Publication year - 2009
Publication title -
american journal of medical genetics part a
Language(s) - English
Resource type - Journals
SCImago Journal Rank - 1.064
H-Index - 112
eISSN - 1552-4833
pISSN - 1552-4825
DOI - 10.1002/ajmg.a.32684
Subject(s) - medicine , microtia , diaphragmatic hernia , congenital diaphragmatic hernia , anal atresia , omphalocele , pulmonary hypoplasia , pediatrics , hypoplasia , gastroschisis , umbilical hernia , dermatology , stridor , choanal atresia , surgery , atresia , pregnancy , hernia , fetus , biology , genetics , airway
A newborn female infant born to a woman on immunosuppressive medications including mycophenolate mofetil (MMF) for a renal graft secondary to lupus nephritis presented with congenital diaphragmatic hernia (CDH) and additional findings of microtia, esophageal atresia with tracheoesophageal fistula, cleft palate, congenital heart defect, digital anomalies, and dysmorphic facial features.
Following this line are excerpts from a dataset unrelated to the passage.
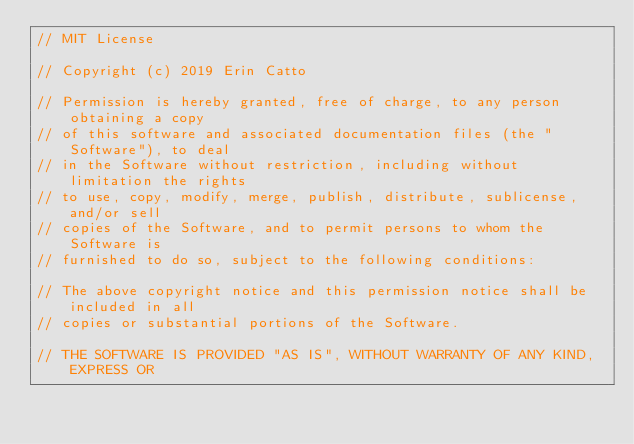<code> <loc_0><loc_0><loc_500><loc_500><_C++_>// MIT License

// Copyright (c) 2019 Erin Catto

// Permission is hereby granted, free of charge, to any person obtaining a copy
// of this software and associated documentation files (the "Software"), to deal
// in the Software without restriction, including without limitation the rights
// to use, copy, modify, merge, publish, distribute, sublicense, and/or sell
// copies of the Software, and to permit persons to whom the Software is
// furnished to do so, subject to the following conditions:

// The above copyright notice and this permission notice shall be included in all
// copies or substantial portions of the Software.

// THE SOFTWARE IS PROVIDED "AS IS", WITHOUT WARRANTY OF ANY KIND, EXPRESS OR</code> 
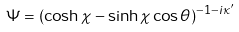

Pulmonary hypoplasia resulted in death at day 2 of life. She was presumed to have Fryns syndrome based on diagnostic criteria established for this recessive disorder with prominent features including CDH, facial anomalies, and nail hypoplasia. In retrospect, this infant's findings are more likely the result of teratogenic exposure to MMF, as more recent data have emerged linking aural atresia, digital anomalies, and dysmorphic features to this drug. To date, this is the only human report of CDH in an infant with prenatal exposure to MMF, although the manufacturer's package insert alludes to animal studies with a broad spectrum of malformations, including CDH. Thus, a teratogenic exposure can mimic a known Mendelian genetic syndrome, and caution is urged in presuming a genetic etiology for infants with potential teratogenic exposure to relatively new drugs with limited published animal data. © 2009 Wiley‐Liss, Inc.